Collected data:
- Opening Delimiter -
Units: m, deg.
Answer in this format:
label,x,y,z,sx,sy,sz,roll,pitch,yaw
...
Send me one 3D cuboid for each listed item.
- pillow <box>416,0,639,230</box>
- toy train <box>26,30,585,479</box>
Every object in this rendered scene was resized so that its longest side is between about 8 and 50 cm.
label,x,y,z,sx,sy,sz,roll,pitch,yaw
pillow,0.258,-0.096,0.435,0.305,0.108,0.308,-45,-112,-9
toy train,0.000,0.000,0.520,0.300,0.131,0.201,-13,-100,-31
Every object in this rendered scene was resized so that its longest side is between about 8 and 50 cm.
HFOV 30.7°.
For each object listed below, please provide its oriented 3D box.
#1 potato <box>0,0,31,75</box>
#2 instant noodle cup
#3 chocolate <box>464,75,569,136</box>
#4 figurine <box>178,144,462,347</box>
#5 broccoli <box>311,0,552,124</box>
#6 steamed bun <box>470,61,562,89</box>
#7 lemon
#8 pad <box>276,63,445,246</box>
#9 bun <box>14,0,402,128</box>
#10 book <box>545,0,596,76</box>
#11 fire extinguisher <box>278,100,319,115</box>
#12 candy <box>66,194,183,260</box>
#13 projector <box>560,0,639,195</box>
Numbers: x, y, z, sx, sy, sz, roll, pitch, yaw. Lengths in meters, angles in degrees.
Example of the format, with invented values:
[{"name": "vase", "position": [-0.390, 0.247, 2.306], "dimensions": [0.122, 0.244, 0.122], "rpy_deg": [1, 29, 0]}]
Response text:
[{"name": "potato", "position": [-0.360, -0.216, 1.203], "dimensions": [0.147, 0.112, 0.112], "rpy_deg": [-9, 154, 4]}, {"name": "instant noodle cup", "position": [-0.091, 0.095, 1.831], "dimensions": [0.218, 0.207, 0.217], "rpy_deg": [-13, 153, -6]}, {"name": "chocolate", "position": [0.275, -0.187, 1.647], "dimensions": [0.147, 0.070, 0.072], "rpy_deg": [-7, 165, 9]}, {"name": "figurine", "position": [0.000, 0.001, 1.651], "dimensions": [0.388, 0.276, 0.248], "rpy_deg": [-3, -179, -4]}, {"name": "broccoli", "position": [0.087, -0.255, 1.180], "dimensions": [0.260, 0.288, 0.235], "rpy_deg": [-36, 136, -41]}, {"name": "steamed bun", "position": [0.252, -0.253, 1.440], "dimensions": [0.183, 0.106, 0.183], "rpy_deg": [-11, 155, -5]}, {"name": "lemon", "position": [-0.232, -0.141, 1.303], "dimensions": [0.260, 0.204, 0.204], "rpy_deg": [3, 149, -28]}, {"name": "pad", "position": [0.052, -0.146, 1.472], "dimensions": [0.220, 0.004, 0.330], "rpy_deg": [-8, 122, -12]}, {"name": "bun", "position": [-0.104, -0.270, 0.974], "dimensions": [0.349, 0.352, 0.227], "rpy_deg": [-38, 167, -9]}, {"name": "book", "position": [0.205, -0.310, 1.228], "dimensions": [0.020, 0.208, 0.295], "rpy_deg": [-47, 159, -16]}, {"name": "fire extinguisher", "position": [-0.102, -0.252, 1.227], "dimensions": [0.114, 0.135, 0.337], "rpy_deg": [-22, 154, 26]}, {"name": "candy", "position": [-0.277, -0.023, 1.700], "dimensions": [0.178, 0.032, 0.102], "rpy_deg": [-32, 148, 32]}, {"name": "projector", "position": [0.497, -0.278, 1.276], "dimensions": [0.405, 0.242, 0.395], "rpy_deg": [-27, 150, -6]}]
- Closing Delimiter -
Starting at the line with "#3 chocolate <box>464,75,569,136</box>", retype each line through the final one in the data above, unchanged and with nothing added.

**Reply to the exercise:**
#3 chocolate <box>464,75,569,136</box>
#4 figurine <box>178,144,462,347</box>
#5 broccoli <box>311,0,552,124</box>
#6 steamed bun <box>470,61,562,89</box>
#7 lemon
#8 pad <box>276,63,445,246</box>
#9 bun <box>14,0,402,128</box>
#10 book <box>545,0,596,76</box>
#11 fire extinguisher <box>278,100,319,115</box>
#12 candy <box>66,194,183,260</box>
#13 projector <box>560,0,639,195</box>
Numbers: x, y, z, sx, sy, sz, roll, pitch, yaw. Lengths in meters, angles in degrees.
Example of the format, with invented values:
[{"name": "vase", "position": [-0.390, 0.247, 2.306], "dimensions": [0.122, 0.244, 0.122], "rpy_deg": [1, 29, 0]}]
Response text:
[{"name": "potato", "position": [-0.360, -0.216, 1.203], "dimensions": [0.147, 0.112, 0.112], "rpy_deg": [-9, 154, 4]}, {"name": "instant noodle cup", "position": [-0.091, 0.095, 1.831], "dimensions": [0.218, 0.207, 0.217], "rpy_deg": [-13, 153, -6]}, {"name": "chocolate", "position": [0.275, -0.187, 1.647], "dimensions": [0.147, 0.070, 0.072], "rpy_deg": [-7, 165, 9]}, {"name": "figurine", "position": [0.000, 0.001, 1.651], "dimensions": [0.388, 0.276, 0.248], "rpy_deg": [-3, -179, -4]}, {"name": "broccoli", "position": [0.087, -0.255, 1.180], "dimensions": [0.260, 0.288, 0.235], "rpy_deg": [-36, 136, -41]}, {"name": "steamed bun", "position": [0.252, -0.253, 1.440], "dimensions": [0.183, 0.106, 0.183], "rpy_deg": [-11, 155, -5]}, {"name": "lemon", "position": [-0.232, -0.141, 1.303], "dimensions": [0.260, 0.204, 0.204], "rpy_deg": [3, 149, -28]}, {"name": "pad", "position": [0.052, -0.146, 1.472], "dimensions": [0.220, 0.004, 0.330], "rpy_deg": [-8, 122, -12]}, {"name": "bun", "position": [-0.104, -0.270, 0.974], "dimensions": [0.349, 0.352, 0.227], "rpy_deg": [-38, 167, -9]}, {"name": "book", "position": [0.205, -0.310, 1.228], "dimensions": [0.020, 0.208, 0.295], "rpy_deg": [-47, 159, -16]}, {"name": "fire extinguisher", "position": [-0.102, -0.252, 1.227], "dimensions": [0.114, 0.135, 0.337], "rpy_deg": [-22, 154, 26]}, {"name": "candy", "position": [-0.277, -0.023, 1.700], "dimensions": [0.178, 0.032, 0.102], "rpy_deg": [-32, 148, 32]}, {"name": "projector", "position": [0.497, -0.278, 1.276], "dimensions": [0.405, 0.242, 0.395], "rpy_deg": [-27, 150, -6]}]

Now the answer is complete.